The power of the approach that I introduce in this chapter is manifested in a number of other areas as well. I will illustrate this by focusing on two other questions. The first comes from comparative immunology: is the somatic hypermutation mechanism shared between all species? I will show that similar differential codon usage between FRs and CDRs characterize species ranging from sharks to humans. This result argues that, at least among these species, the mechanism for somatic hypermutation is likely to be shared. The second question concerns to somatic hypermutation mechanism itself. I will show that codon bias consistent with low propensity for replacement mutations also characterizes non-immunoglobulin sequences.

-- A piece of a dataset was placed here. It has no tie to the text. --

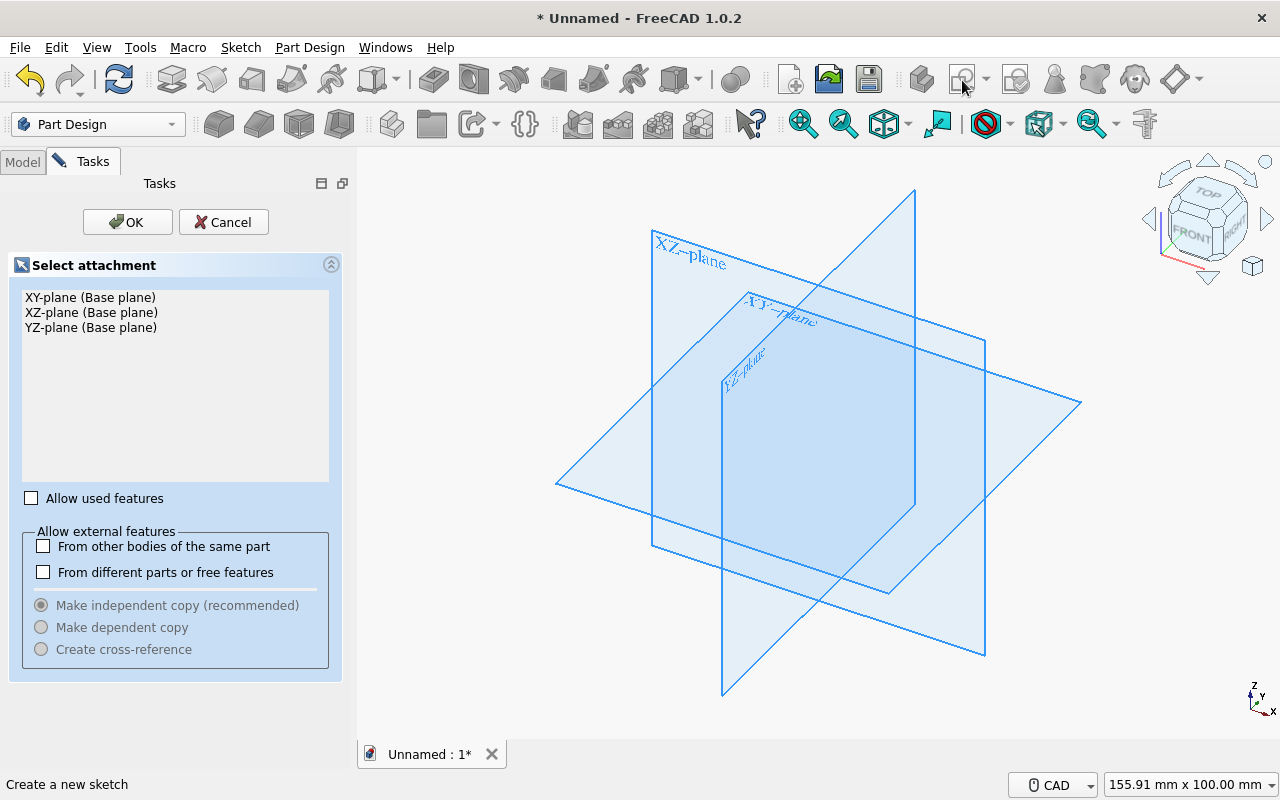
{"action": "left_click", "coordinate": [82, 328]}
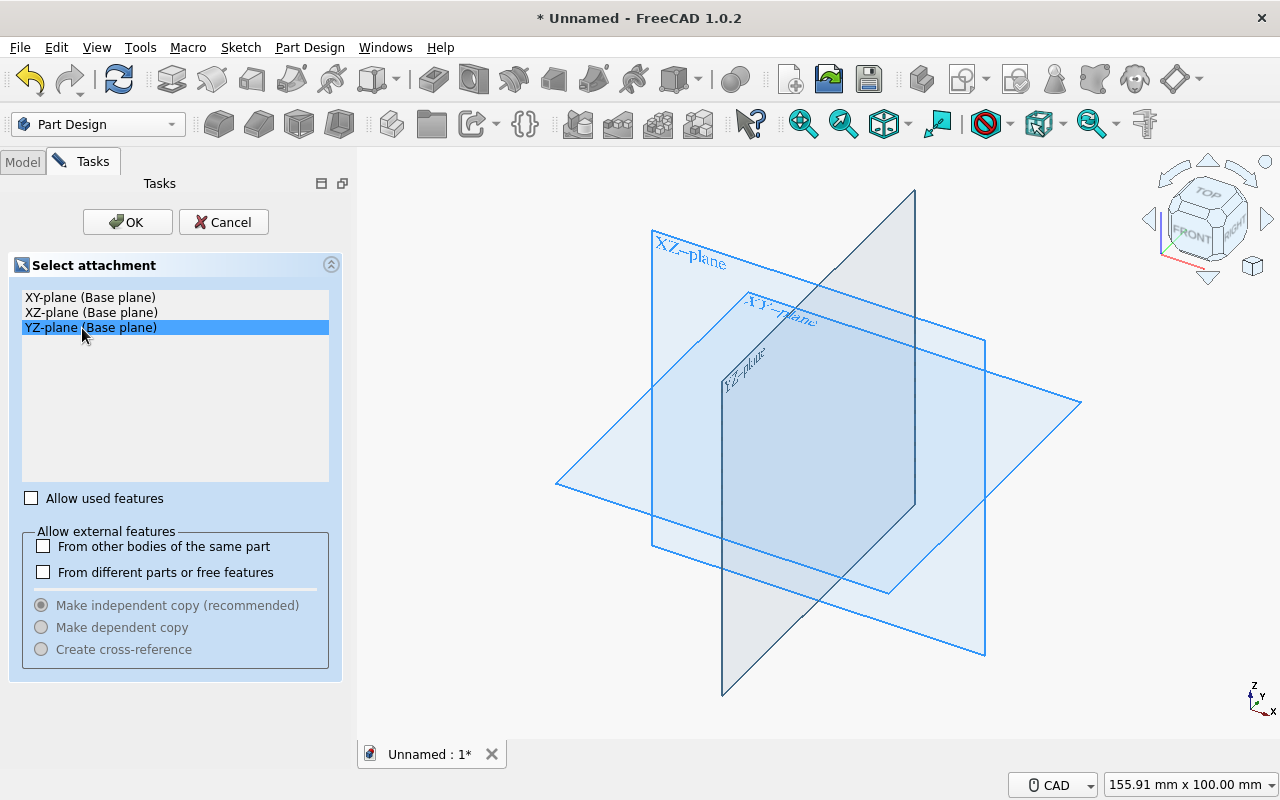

As these sequences do not undergo somatic hypermutation, this association suggests that the somatic hypermutation mechanism uses components from mutation or repair mechanisms that operate with much wider scope across the genome. Thus, non-immunoglobulin sequences that evolve codon bias to minimize their chance of undergoing replacement mutations in evolution also seem less mutable under somatic hypermutation. I will also show that the somatic hypermutation mechanism picks out the A/T content of a gene. That is, high tendency to undergo replacement mutations is correlated with the content of A and T nucleotides in the gene. This result does not give us the key to what the somatic hypermutation mechanism is, but it may prove useful in narrowing the search for this mechanism. Although the phenomenon that immunoglobulin genes undergo somatic mutation was described almost thirty years ago Weigert et al. (1970), the mechanism responsible for introducing these mutations has not been identified.